TASK TO CARRY OUT: Word-for-word transcription needed. Include every entry below but no pictures.

EXERCISE DATA:

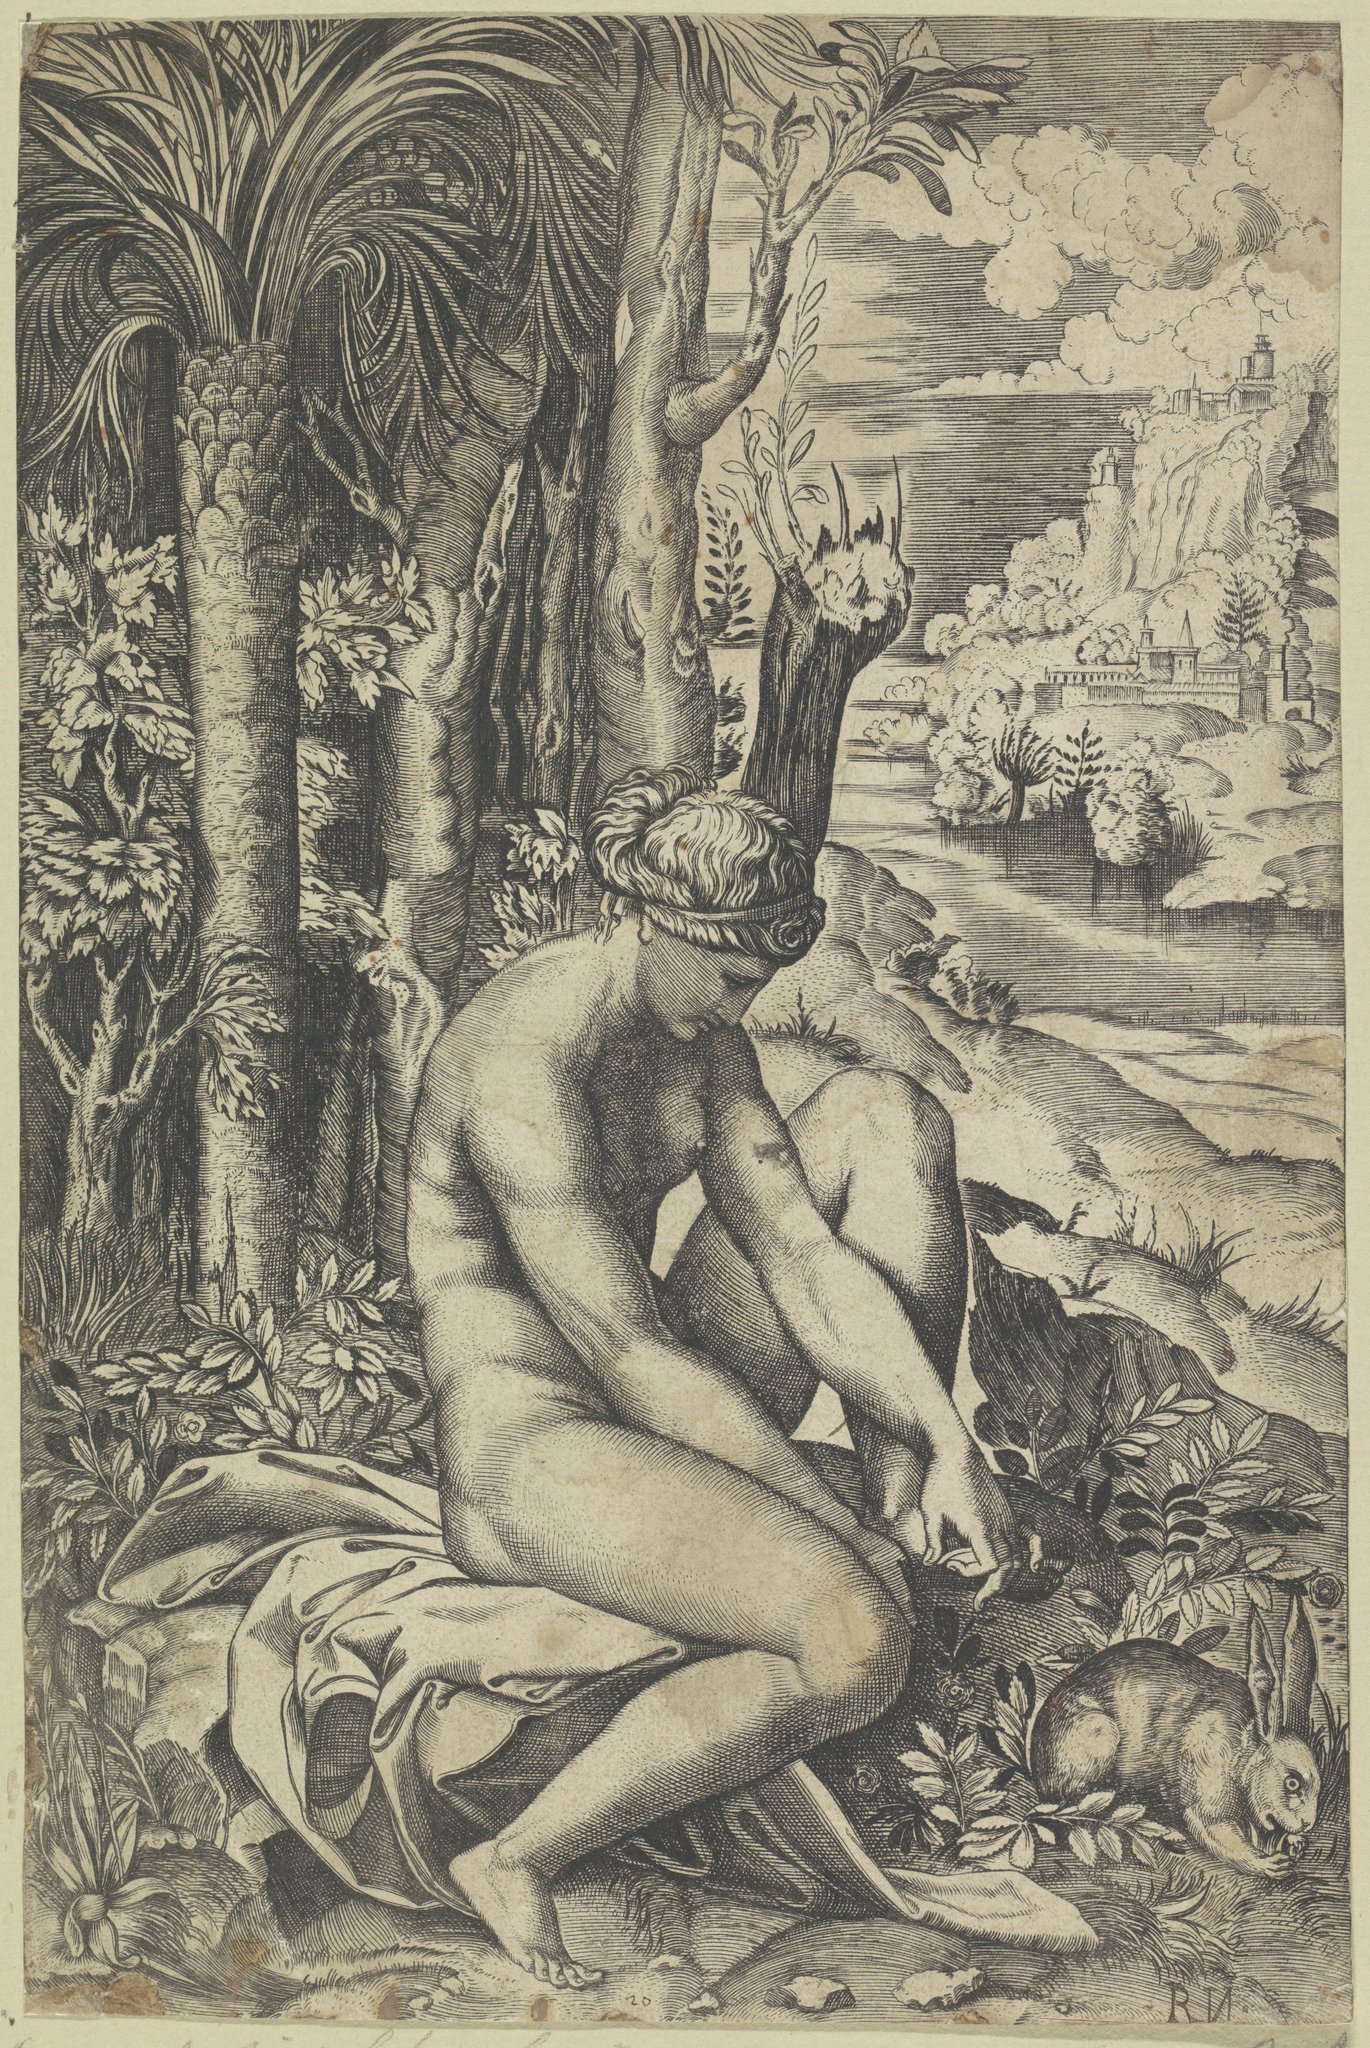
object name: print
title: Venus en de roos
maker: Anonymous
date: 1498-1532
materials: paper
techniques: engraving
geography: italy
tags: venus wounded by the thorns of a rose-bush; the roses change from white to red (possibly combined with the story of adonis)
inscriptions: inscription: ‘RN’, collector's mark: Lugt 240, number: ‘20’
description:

TASK SOLUTION:
object name: print
title: Venus en de roos
maker: Anonymous
date: 1498-1532
materials: paper
techniques: engraving
geography: italy
tags: venus wounded by the thorns of a rose-bush; the roses change from white to red (possibly combined with the story of adonis)
inscriptions: inscription: ‘RN’, collector's mark: Lugt 240, number: ‘20’
description:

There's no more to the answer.